Then use the same label in /etc/fstab :

LABEL=video1     /media/video1    ext4   nodev,noexec,noatime,nofail,x-systemd.device-timeout=4 0 0

A note on other mkfs options: -m 0 disables reserving space for root - by default 5% is reserved, that's only possibly useful on a system disk. Option -T largefile4 changes the inode size to 4MB from the default of 16KB. Inode is an allocation unit. 4MB is a good value for video files which are hundreds of MB to several GB in size, because unused inodes take up some disk space. But the size taken by each file is rounded up to the inode size, and if you run out of inodes you can't write anything to the disk even if it has free space, so for filesystems containing text documents, photos, applications, etc. - pretty much everything other than videos or filesystem images - you should stick to the default.

What do the fstab options mean?
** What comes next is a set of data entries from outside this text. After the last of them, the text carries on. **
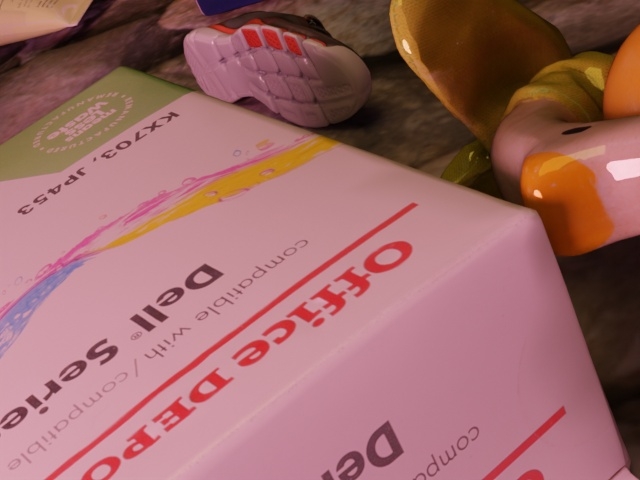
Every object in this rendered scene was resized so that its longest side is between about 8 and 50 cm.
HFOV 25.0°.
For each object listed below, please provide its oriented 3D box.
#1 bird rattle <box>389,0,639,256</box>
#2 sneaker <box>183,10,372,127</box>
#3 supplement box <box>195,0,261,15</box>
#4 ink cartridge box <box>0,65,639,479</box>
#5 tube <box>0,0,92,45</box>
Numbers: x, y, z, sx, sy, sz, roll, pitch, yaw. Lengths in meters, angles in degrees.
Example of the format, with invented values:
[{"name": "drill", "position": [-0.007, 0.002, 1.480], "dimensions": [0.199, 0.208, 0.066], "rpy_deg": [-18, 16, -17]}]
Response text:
[{"name": "bird rattle", "position": [0.149, -0.049, 0.516], "dimensions": [0.253, 0.143, 0.207], "rpy_deg": [-9, 17, 8]}, {"name": "sneaker", "position": [-0.015, -0.108, 0.808], "dimensions": [0.065, 0.061, 0.158], "rpy_deg": [-34, 31, -26]}, {"name": "supplement box", "position": [0.000, -0.344, 1.024], "dimensions": [0.194, 0.195, 0.356], "rpy_deg": [-14, 32, 20]}, {"name": "ink cartridge box", "position": [-0.045, 0.063, 0.501], "dimensions": [0.207, 0.119, 0.353], "rpy_deg": [-37, 33, -20]}, {"name": "tube", "position": [-0.274, -0.169, 1.106], "dimensions": [0.240, 0.062, 0.070], "rpy_deg": [-7, 78, 21]}]
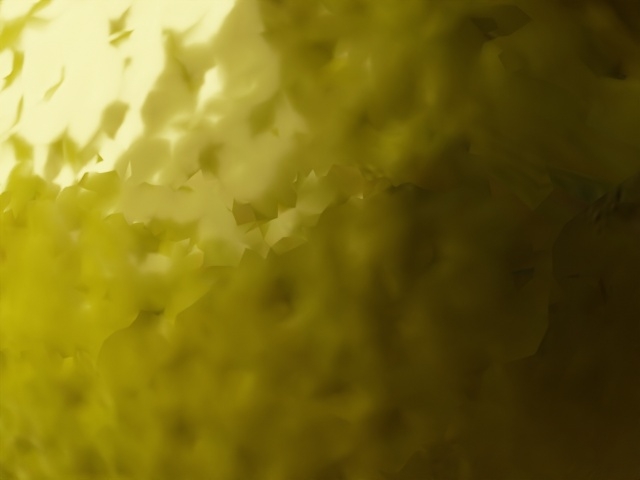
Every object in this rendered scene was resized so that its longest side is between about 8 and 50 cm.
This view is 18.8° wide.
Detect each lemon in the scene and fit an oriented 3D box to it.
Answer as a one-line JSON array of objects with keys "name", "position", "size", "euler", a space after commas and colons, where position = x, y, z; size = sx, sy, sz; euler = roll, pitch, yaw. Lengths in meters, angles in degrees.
[{"name": "lemon", "position": [-0.001, 0.000, 0.638], "size": [0.336, 0.336, 0.336], "euler": [-23, 51, 33]}]
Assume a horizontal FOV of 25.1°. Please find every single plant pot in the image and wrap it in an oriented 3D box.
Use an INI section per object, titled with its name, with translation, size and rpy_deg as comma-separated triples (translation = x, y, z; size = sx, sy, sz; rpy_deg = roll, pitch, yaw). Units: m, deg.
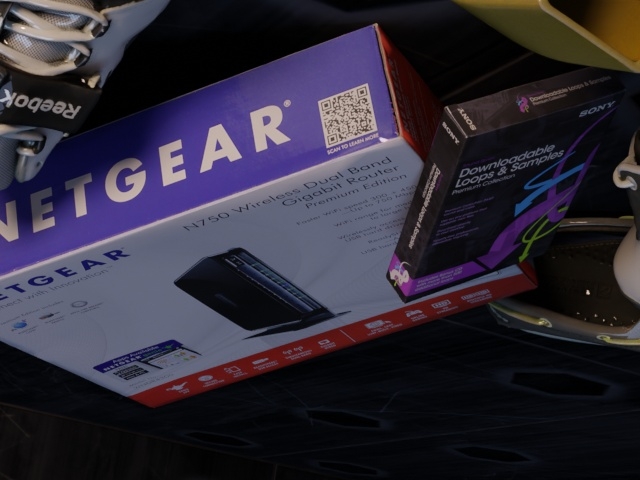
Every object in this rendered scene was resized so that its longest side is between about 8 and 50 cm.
[plant pot]
translation = 0.104, -0.129, 0.666
size = 0.081, 0.081, 0.083
rpy_deg = 23, 169, -41

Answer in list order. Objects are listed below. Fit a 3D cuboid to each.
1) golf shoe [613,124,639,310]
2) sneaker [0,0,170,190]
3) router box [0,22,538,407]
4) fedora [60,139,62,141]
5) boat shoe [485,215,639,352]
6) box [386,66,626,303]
[golf shoe]
translation = 0.238, -0.036, 0.912
size = 0.120, 0.105, 0.273
rpy_deg = 27, 156, -4
[sneaker]
translation = -0.165, -0.099, 0.800
size = 0.122, 0.146, 0.330
rpy_deg = 18, 160, -23
[router box]
translation = -0.053, 0.004, 1.003
size = 0.336, 0.082, 0.301
rpy_deg = -19, 155, 18
[fedora]
translation = -0.276, -0.014, 1.168
size = 0.276, 0.124, 0.244
rpy_deg = -7, 163, 14
[boat shoe]
translation = 0.255, 0.036, 1.088
size = 0.305, 0.109, 0.091
rpy_deg = 3, 168, 32
[box]
translation = 0.110, -0.033, 0.876
size = 0.116, 0.029, 0.162
rpy_deg = -18, 147, -24
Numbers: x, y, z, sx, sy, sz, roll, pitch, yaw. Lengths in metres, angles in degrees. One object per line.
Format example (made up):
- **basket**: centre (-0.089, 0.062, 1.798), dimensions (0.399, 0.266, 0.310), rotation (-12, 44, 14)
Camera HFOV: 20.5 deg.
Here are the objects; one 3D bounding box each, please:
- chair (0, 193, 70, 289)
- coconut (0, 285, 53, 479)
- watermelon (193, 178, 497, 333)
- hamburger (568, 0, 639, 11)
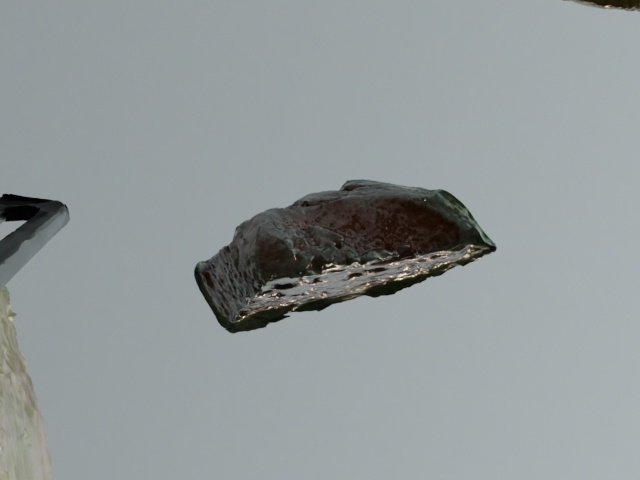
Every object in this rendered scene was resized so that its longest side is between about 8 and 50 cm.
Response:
- **chair**: centre (-0.131, 0.067, 0.465), dimensions (0.084, 0.212, 0.101), rotation (3, -68, 17)
- **coconut**: centre (-0.234, 0.089, 0.636), dimensions (0.297, 0.309, 0.297), rotation (-14, -19, -5)
- **watermelon**: centre (0.000, 0.000, 1.045), dimensions (0.187, 0.071, 0.139), rotation (-17, -9, 18)
- **hamburger**: centre (0.156, -0.184, 1.022), dimensions (0.147, 0.138, 0.083), rotation (-8, -61, -47)
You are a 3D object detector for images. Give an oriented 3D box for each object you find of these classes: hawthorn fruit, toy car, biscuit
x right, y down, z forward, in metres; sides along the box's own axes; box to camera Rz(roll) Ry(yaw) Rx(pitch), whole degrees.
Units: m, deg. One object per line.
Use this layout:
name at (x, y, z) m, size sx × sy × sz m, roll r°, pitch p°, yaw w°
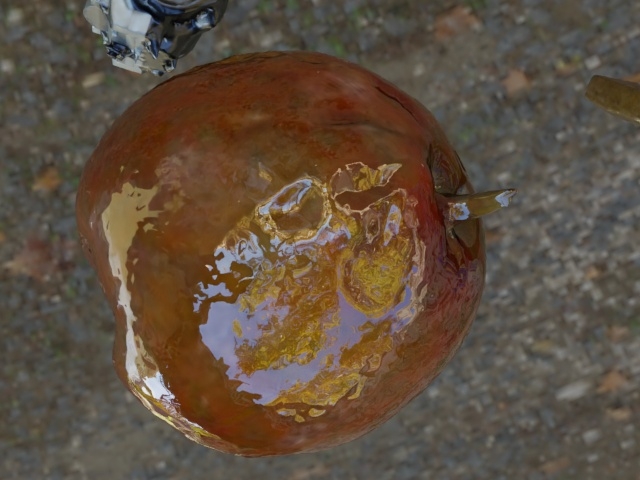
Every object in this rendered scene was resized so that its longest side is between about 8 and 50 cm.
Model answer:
hawthorn fruit at (0.000, 0.000, 0.964) m, size 0.298 × 0.277 × 0.277 m, roll -18°, pitch 160°, yaw 30°
toy car at (-0.120, -0.292, 1.265) m, size 0.118 × 0.301 × 0.193 m, roll 15°, pitch 173°, yaw -6°
biscuit at (0.375, -0.092, 1.240) m, size 0.301 × 0.043 × 0.278 m, roll 16°, pitch -168°, yaw 24°
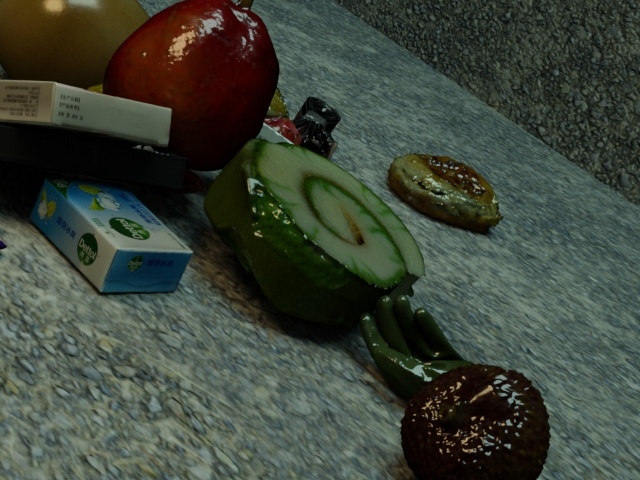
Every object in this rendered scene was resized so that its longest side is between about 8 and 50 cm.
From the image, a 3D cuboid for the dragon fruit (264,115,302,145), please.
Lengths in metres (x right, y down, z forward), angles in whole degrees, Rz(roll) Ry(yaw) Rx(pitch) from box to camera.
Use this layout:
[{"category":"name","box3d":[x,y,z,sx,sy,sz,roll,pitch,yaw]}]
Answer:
[{"category":"dragon fruit","box3d":[-0.091,-0.143,2.088,0.153,0.153,0.111,3,54,-47]}]

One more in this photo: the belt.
[{"category":"belt","box3d":[-0.026,-0.228,2.400,0.126,0.094,0.359,23,19,-4]}]

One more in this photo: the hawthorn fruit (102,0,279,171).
[{"category":"hawthorn fruit","box3d":[-0.191,-0.270,1.794,0.265,0.307,0.265,30,-6,3]}]

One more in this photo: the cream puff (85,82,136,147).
[{"category":"cream puff","box3d":[-0.358,-0.195,1.899,0.146,0.146,0.116,21,55,-13]}]

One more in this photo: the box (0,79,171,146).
[{"category":"box","box3d":[-0.416,-0.190,1.647,0.353,0.069,0.214,6,0,39]}]

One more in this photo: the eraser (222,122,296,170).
[{"category":"eraser","box3d":[-0.116,-0.148,1.974,0.404,0.098,0.096,35,-14,0]}]

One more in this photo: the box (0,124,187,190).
[{"category":"box","box3d":[-0.392,-0.129,1.659,0.350,0.058,0.211,7,3,-38]}]

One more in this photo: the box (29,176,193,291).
[{"category":"box","box3d":[-0.294,-0.008,1.563,0.139,0.073,0.194,3,30,-50]}]

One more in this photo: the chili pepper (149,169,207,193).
[{"category":"chili pepper","box3d":[-0.280,-0.118,1.876,0.191,0.059,0.050,18,13,-13]}]

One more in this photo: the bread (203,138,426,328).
[{"category":"bread","box3d":[0.000,0.000,1.740,0.382,0.129,0.366,29,24,-26]}]

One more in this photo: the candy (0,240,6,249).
[{"category":"candy","box3d":[-0.517,-0.035,1.379,0.145,0.070,0.275,45,24,24]}]

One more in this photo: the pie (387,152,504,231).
[{"category":"pie","box3d":[0.275,-0.120,2.502,0.308,0.085,0.308,22,21,-9]}]

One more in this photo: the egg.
[{"category":"egg","box3d":[-0.434,-0.360,2.016,0.322,0.250,0.250,22,19,-32]}]

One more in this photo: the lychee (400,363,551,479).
[{"category":"lychee","box3d":[0.192,0.244,1.373,0.194,0.194,0.194,22,20,-9]}]

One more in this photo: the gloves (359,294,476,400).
[{"category":"gloves","box3d":[0.163,0.185,1.580,0.268,0.107,0.135,41,32,19]}]

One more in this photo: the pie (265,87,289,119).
[{"category":"pie","box3d":[-0.150,-0.344,2.582,0.128,0.068,0.282,14,27,-26]}]
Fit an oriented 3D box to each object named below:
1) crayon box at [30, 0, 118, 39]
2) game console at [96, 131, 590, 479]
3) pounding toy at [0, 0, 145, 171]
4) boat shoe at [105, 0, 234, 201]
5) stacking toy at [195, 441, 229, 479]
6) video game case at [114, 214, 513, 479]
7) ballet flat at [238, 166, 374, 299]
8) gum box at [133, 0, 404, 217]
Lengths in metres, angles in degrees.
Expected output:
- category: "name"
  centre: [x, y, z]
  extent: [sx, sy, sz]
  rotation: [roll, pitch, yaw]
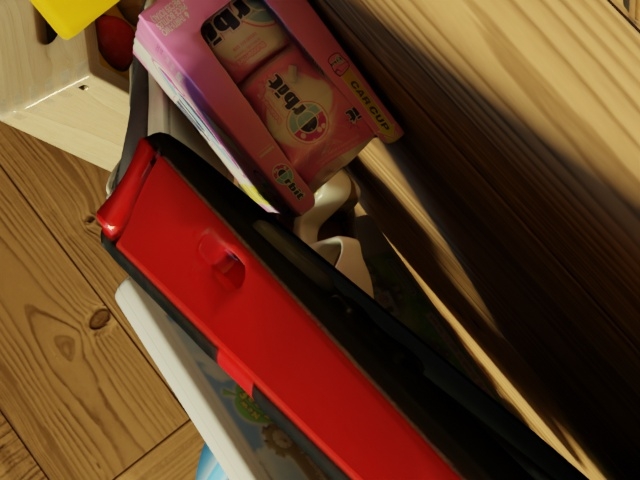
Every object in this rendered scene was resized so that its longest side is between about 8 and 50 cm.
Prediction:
- category: "crayon box"
  centre: [-0.177, -0.260, 0.470]
  extent: [0.363, 0.106, 0.313]
  rotation: [51, 175, 9]
- category: "game console"
  centre: [0.094, 0.116, 0.663]
  extent: [0.386, 0.060, 0.342]
  rotation: [39, 178, -36]
- category: "pounding toy"
  centre: [-0.133, -0.138, 0.977]
  extent: [0.130, 0.100, 0.141]
  rotation: [26, -131, -55]
- category: "boat shoe"
  centre: [-0.089, -0.075, 0.898]
  extent: [0.075, 0.065, 0.206]
  rotation: [39, -152, -29]
- category: "stacking toy"
  centre: [0.083, 0.162, 1.051]
  extent: [0.302, 0.175, 0.165]
  rotation: [36, 144, 3]
- category: "video game case"
  centre: [0.015, 0.087, 0.900]
  extent: [0.212, 0.193, 0.023]
  rotation: [55, 133, 20]
- category: "ballet flat"
  centre: [0.000, 0.000, 0.878]
  extent: [0.068, 0.072, 0.213]
  rotation: [-46, 43, 47]
- category: "gum box"
  centre: [-0.029, -0.072, 0.747]
  extent: [0.107, 0.062, 0.188]
  rotation: [51, 176, -6]
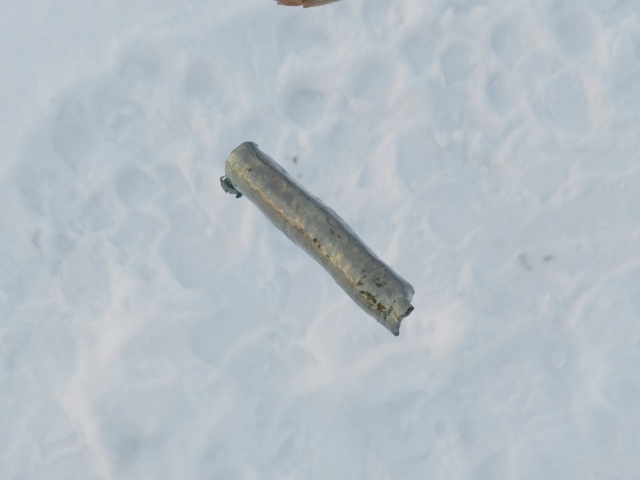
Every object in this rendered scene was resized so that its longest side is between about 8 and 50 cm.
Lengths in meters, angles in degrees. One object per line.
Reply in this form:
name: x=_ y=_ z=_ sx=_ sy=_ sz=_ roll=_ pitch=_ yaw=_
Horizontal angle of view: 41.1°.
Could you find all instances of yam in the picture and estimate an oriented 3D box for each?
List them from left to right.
yam: x=0.000 y=0.000 z=0.391 sx=0.027 sy=0.033 sz=0.129 roll=-16 pitch=47 yaw=-37

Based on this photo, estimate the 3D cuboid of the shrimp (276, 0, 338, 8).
shrimp: x=-0.036 y=-0.309 z=0.907 sx=0.248 sy=0.068 sz=0.150 roll=-24 pitch=81 yaw=-10
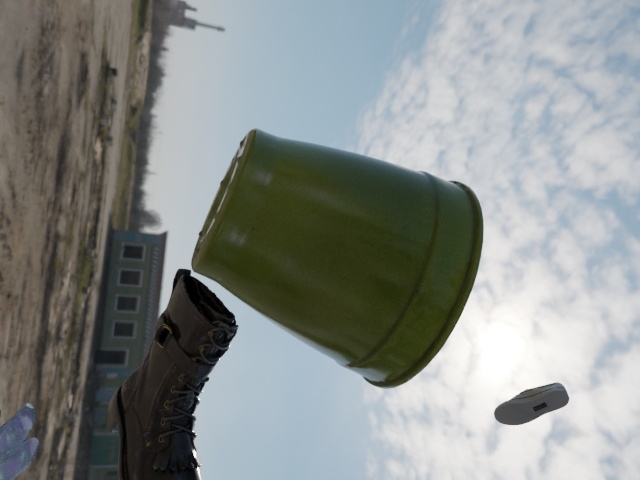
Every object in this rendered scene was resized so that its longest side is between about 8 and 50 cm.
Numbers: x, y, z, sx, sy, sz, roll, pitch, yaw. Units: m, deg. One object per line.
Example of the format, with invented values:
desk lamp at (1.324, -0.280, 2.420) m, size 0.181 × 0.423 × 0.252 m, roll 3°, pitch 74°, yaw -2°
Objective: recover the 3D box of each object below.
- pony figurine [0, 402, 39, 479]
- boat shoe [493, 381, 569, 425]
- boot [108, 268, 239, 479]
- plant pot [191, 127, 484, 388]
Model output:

Nodev and noexec are for increased security, they forbid executables and device files on the data filesystems; noatime means access time will not be recorded (I use this option for all filesystems on all my machines); nofail means the system will boot even if the device can't be mounted and device timeout is just that - how long the system will try to mount the drive before giving up. By default systemd will stop if it can't mount the drive - it makes sense for system disks, but not for data. In that case, I'd rather have my server available on the network so I can SSH and fix it.